SUMMARY OF THE INVENTION
[0010] It is an object of the present invention to solve at least
the problems in the conventional technology.
[0011] A long magnet according to one aspect of the present
invention includes a magnet block made of a mixture of rare earth
magnetic powder, thermoplastic resin particles, fluidity additive,
pigment, wax, and charge control agent; and a reinforcing member to
reinforce the magnet block, at least part of the reinforcing member
being arranged inside of the magnet block.
[0012] A long magnet according to another aspect of the present
invention includes a magnet block made of a mixture of rare earth
magnetic powder, thermoplastic resin particles, fluidity additive,
pigment, wax, and charge control agent; and a plurality of
reinforcing members to reinforce the magnet block, at least one of
the reinforcing member being arranged on one side of a longitudinal
direction of the magnet block.
[0013] A manufacturing method of a long magnet according to still
another aspect of the present invention includes mixing of rare
earth magnetic powder, thermoplastic resin particles, fluidity
additive, pigment, wax and charge control agent; and molding a
reinforcing member integrally with the mixture in a mold by
compression molding.
[0014] A magnet roller and an image forming apparatus according to
still another aspect of the present invention include the long
magnet according to the present invention.

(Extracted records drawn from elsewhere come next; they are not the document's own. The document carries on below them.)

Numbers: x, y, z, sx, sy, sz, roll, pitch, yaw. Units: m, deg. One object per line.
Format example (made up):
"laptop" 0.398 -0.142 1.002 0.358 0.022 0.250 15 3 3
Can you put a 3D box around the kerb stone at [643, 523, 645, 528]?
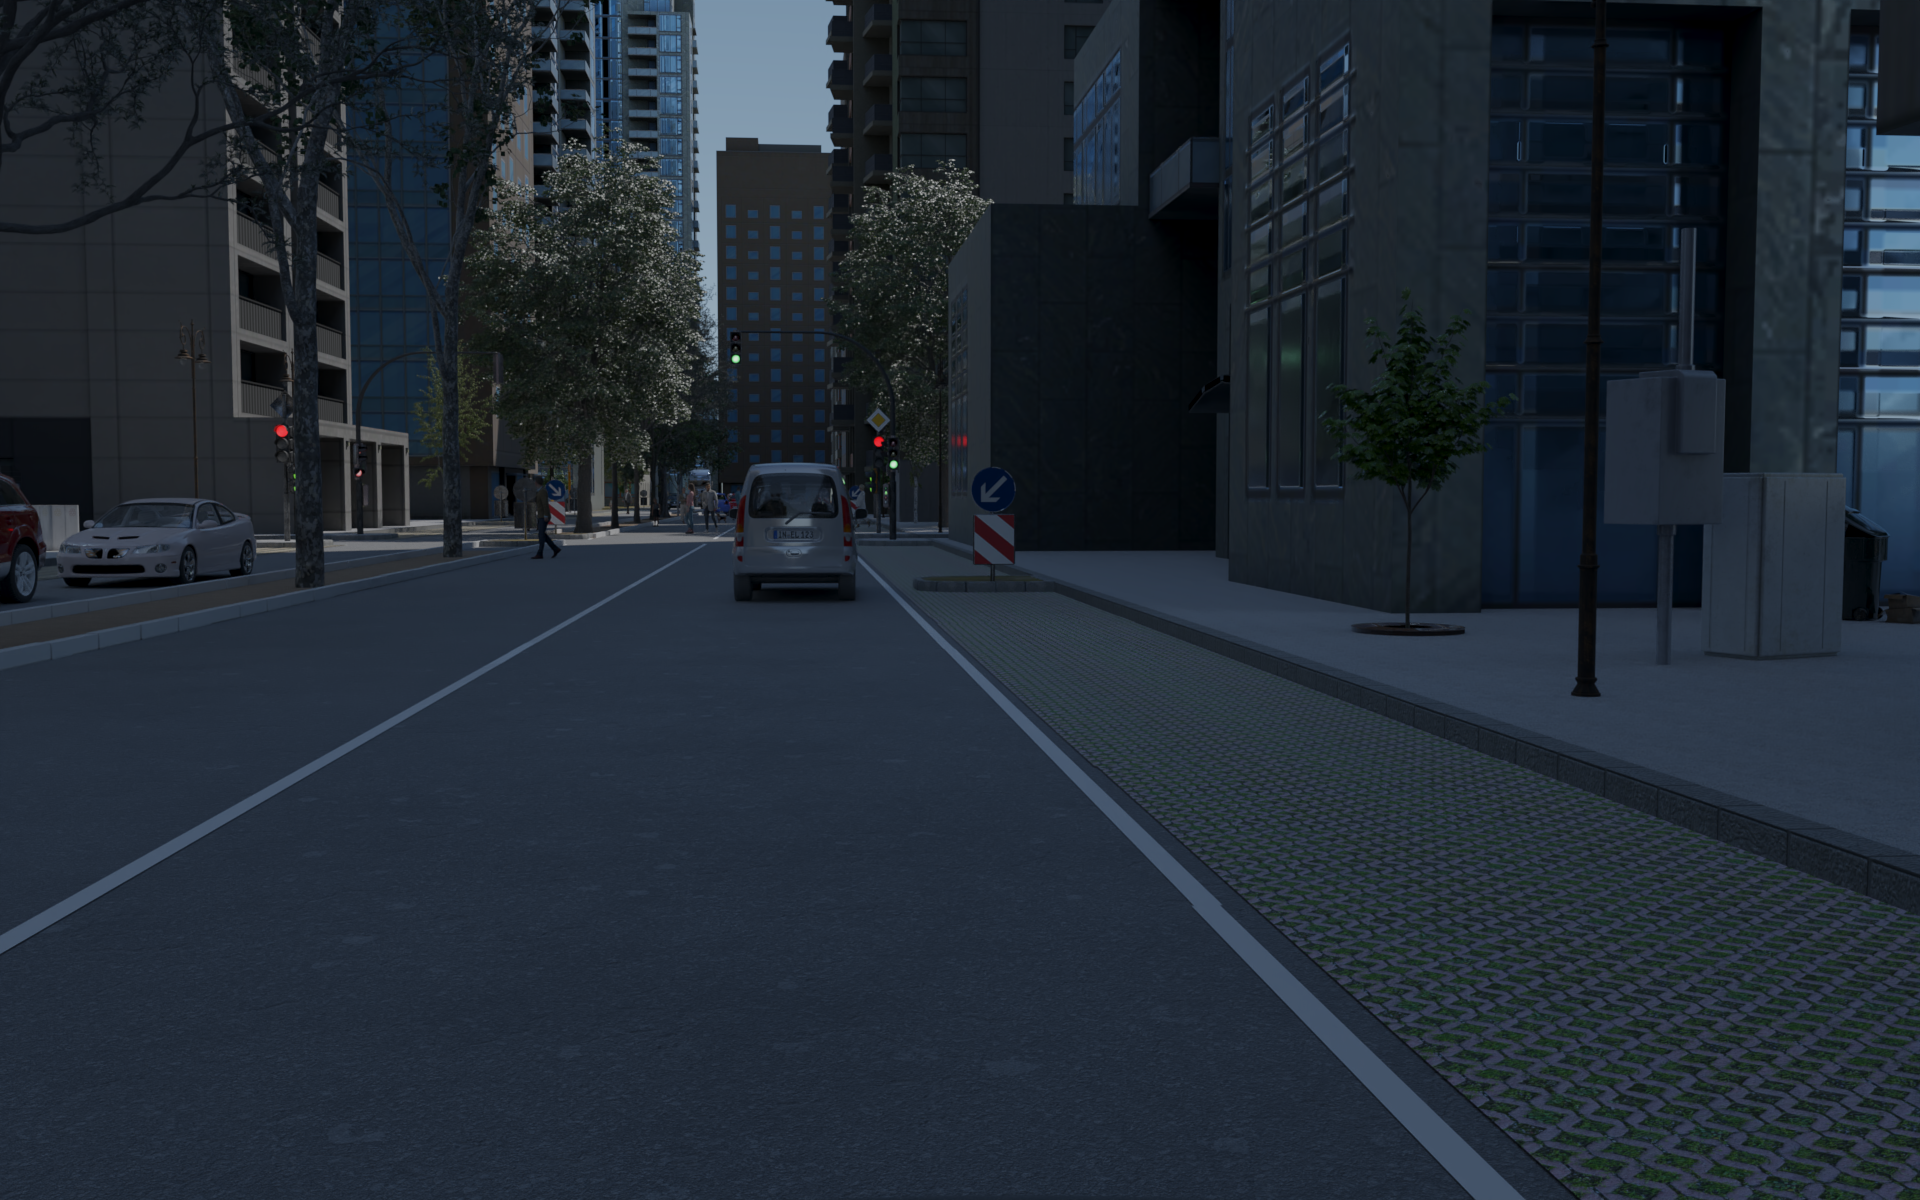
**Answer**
"kerb stone" -13.519 -3.120 73.214 0.120 0.150 1.000 0 4 -5

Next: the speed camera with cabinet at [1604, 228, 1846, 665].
"speed camera with cabinet" 5.967 -1.170 13.459 2.038 3.252 0.660 -2 4 -26

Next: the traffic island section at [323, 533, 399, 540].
"traffic island section" -19.105 -2.009 55.131 2.009 0.180 2.903 0 4 -5

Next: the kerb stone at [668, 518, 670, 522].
"kerb stone" -14.888 -3.995 87.521 0.120 0.150 1.000 0 4 -5

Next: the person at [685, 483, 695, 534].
"person" -9.734 -3.300 62.458 0.388 1.821 0.555 -1 4 -12

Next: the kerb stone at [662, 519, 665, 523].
"kerb stone" -14.602 -3.808 84.451 0.120 0.150 1.000 0 4 -5

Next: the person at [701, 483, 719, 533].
"person" -9.246 -3.409 64.083 0.661 1.843 0.795 1 4 15

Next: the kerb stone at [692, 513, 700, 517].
"kerb stone" -17.536 -5.674 115.102 0.120 0.150 1.000 0 4 -5

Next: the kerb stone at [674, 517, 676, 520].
"kerb stone" -15.275 -4.241 91.616 0.120 0.150 1.000 0 4 -5

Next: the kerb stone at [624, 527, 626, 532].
"kerb stone" -12.730 -2.616 65.023 0.120 0.150 1.000 0 4 -5

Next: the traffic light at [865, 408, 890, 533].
"traffic light" -2.679 -4.139 56.585 0.839 4.253 0.868 0 4 -5

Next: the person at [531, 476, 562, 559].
"person" -9.246 -1.839 38.484 0.656 1.842 0.836 3 5 41

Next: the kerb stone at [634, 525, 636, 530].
"kerb stone" -13.125 -2.870 69.118 0.120 0.150 1.000 0 4 -5

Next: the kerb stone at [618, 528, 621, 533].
"kerb stone" -12.529 -2.492 62.972 0.120 0.150 1.000 0 4 -5

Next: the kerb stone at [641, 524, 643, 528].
"kerb stone" -13.420 -3.049 72.187 0.120 0.150 1.000 0 4 -5

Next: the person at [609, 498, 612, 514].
"person" -23.361 -6.268 115.988 0.505 1.210 0.382 3 5 43

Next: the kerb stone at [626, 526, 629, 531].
"kerb stone" -12.828 -2.679 66.048 0.120 0.150 1.000 0 4 -5

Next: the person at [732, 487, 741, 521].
"person" -12.086 -5.239 94.025 0.748 1.841 0.638 -1 4 -16

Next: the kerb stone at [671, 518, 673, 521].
"kerb stone" -15.081 -4.120 89.559 0.120 0.150 1.000 0 4 -5

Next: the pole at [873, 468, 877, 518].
"pole" -4.498 -6.002 91.977 0.158 3.312 0.155 0 3 0

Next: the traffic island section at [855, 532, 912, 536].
"traffic island section" -2.639 -2.105 56.703 2.009 0.180 2.903 0 4 -5

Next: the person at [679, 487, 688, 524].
"person" -13.202 -4.519 82.942 0.519 1.759 0.362 -2 4 -28

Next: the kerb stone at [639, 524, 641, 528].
"kerb stone" -13.321 -2.995 71.156 0.120 0.150 1.000 0 4 -5

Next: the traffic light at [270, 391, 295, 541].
"traffic light" -18.300 -3.555 47.051 0.839 4.253 0.868 0 4 -5

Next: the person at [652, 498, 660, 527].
"person" -13.279 -3.825 75.706 0.362 1.253 0.373 1 4 13

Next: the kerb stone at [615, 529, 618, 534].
"kerb stone" -12.437 -2.432 61.954 0.120 0.150 1.000 0 4 -5

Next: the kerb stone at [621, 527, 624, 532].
"kerb stone" -12.636 -2.557 63.997 0.120 0.150 1.000 0 4 -5

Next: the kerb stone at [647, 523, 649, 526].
"kerb stone" -13.710 -3.245 75.256 0.120 0.150 1.000 0 4 -5

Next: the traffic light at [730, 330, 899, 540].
"traffic light" -3.989 -4.503 48.296 4.771 5.953 1.251 0 4 -5

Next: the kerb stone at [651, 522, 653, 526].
"kerb stone" -13.903 -3.371 77.306 0.120 0.150 1.000 0 4 -5

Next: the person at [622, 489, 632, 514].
"person" -23.551 -6.945 122.455 0.661 1.777 0.834 1 4 13

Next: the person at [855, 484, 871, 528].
"person" -4.106 -3.964 73.187 0.818 1.842 0.514 -2 4 -26

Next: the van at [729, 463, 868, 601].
"van" -2.311 -1.078 24.633 2.013 2.044 4.112 0 4 -4

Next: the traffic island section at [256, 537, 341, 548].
"traffic island section" -18.340 -1.523 47.182 2.009 0.180 2.903 0 4 -5

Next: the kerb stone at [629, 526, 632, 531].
"kerb stone" -12.926 -2.745 67.072 0.120 0.150 1.000 0 4 -5

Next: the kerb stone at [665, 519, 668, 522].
"kerb stone" -14.790 -3.930 86.498 0.120 0.150 1.000 0 4 -5

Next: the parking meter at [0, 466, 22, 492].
"parking meter" -19.529 -1.833 35.683 0.255 1.863 0.399 0 4 1

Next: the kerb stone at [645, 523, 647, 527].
"kerb stone" -13.614 -3.183 74.238 0.120 0.150 1.000 0 4 -5

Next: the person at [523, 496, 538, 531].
"person" -16.595 -3.587 67.108 0.822 1.834 0.622 -3 5 -42

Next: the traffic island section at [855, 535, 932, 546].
"traffic island section" -1.874 -1.619 48.755 2.009 0.180 2.903 0 4 -5

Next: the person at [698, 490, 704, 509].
"person" -24.368 -9.504 163.893 1.348 1.823 0.705 3 5 41

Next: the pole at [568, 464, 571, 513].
"pole" -26.797 -7.646 118.853 0.158 3.312 0.155 0 3 0

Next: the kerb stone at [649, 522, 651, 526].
"kerb stone" -13.816 -3.308 76.278 0.120 0.150 1.000 0 4 -5

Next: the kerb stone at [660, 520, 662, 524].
"kerb stone" -14.400 -3.683 82.407 0.120 0.150 1.000 0 4 -5

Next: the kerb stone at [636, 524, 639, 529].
"kerb stone" -13.219 -2.932 70.136 0.120 0.150 1.000 0 4 -5

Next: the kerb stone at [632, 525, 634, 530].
"kerb stone" -13.030 -2.799 68.093 0.120 0.150 1.000 0 4 -5

[0015] The other objects, features, and advantages of the present
invention are specifically set forth in or will become apparent
from the following detailed description of the invention when read
in conjunction with the accompanying drawings.
BRIEF DESCRIPTION OF THE DRAWINGS
[0016] FIG. 1 is a perspective of a long magnet according to an
embodiment of the present invention;
[0017] FIG. 2 is schematic to explain the magnetization direction
of the long magnet in FIG. 1;
[0018] FIG. 3 is to explain a contact of a magnet block and a
reinforcing member of the long magnet in FIG. 1;
[0019] FIG. 4 is to explain a contact of the magnet block and the
reinforcing member of the long magnet in FIG. 1;
[0020] FIGS. 5A and 5B are to explain a contact of the magnet block
and the reinforcing member of the long magnet in FIG. 1;
[0021] FIGS. 6A and 6B are explanatory drawings of a reinforcing
member that is a mesh;
[0022] FIG. 7 is an explanatory drawing of a reinforcing member
that is a punching metal;
[0023] FIGS. 8A and 8B are cross sections of a long magnet in which
a reinforcing member is embedded in a magnet block;
[0024] FIGS. 9A and 9B are cross sections of a long magnet in which
a reinforcing member is embedded in a magnet block;
[0025] FIGS. 10A and 10B are cross sections of a long magnet in
which a reinforcing member is embedded in a magnet block;
[0026] FIG. 11 is a cross section of a long magnet in which a
reinforcing member is embedded only at specific portions in a
magnet block;
[0027] FIG. 12 is perspective of a long magnet in which a
reinforcing member is arranged at specific portions on a surface of
a magnet block;
[0028] FIG. 13 is a cross section of a long magnet in which a
plurality of reinforcing members are embedded in a magnet
block;
[0029] FIG. 14 is a cross section of a long magnet in which a
plurality of reinforcing members are embedded only at specific
portions in a magnet block;
[0030] FIGS. 15A and 15B are explanatory drawings for explaining
arrangement of reinforcing members in a magnet block;
[0031] FIG. 16 is an explanatory drawing to explain the
distribution of magnetic flux density of the long magnet;
[0032] FIG. 17 is an explanatory drawing of a long magnet improved
in edge effect;
[0033] FIG. 18 is an explanatory drawing of a long magnet further
improved in edge effect;
[0034] FIG. 19 is a cross section of a long magnet improved in edge
effect;
[0035] FIG. 20 is a side view of main parts of an image forming
device;
[0036] FIG. 21 is a side view of a magnet roller that can be used
as a developing roller in the image forming device in FIG. 20;
and
[0037] FIG. 22 is a test tool used to evaluate the strength of the
long magnet.
DETAILED DESCRIPTION
[0038] Exemplary embodiments of a long magnet according to the
present invention will now be explained with reference to the
accompanying drawings.
[0039] FIG. 1 is a perspective of a long magnet according to an
embodiment of the present invention.
[0040] A long magnet 1 includes a rectangular magnet block 2 and a
reinforcing member 3 that is fixed to a side of the magnet block 2.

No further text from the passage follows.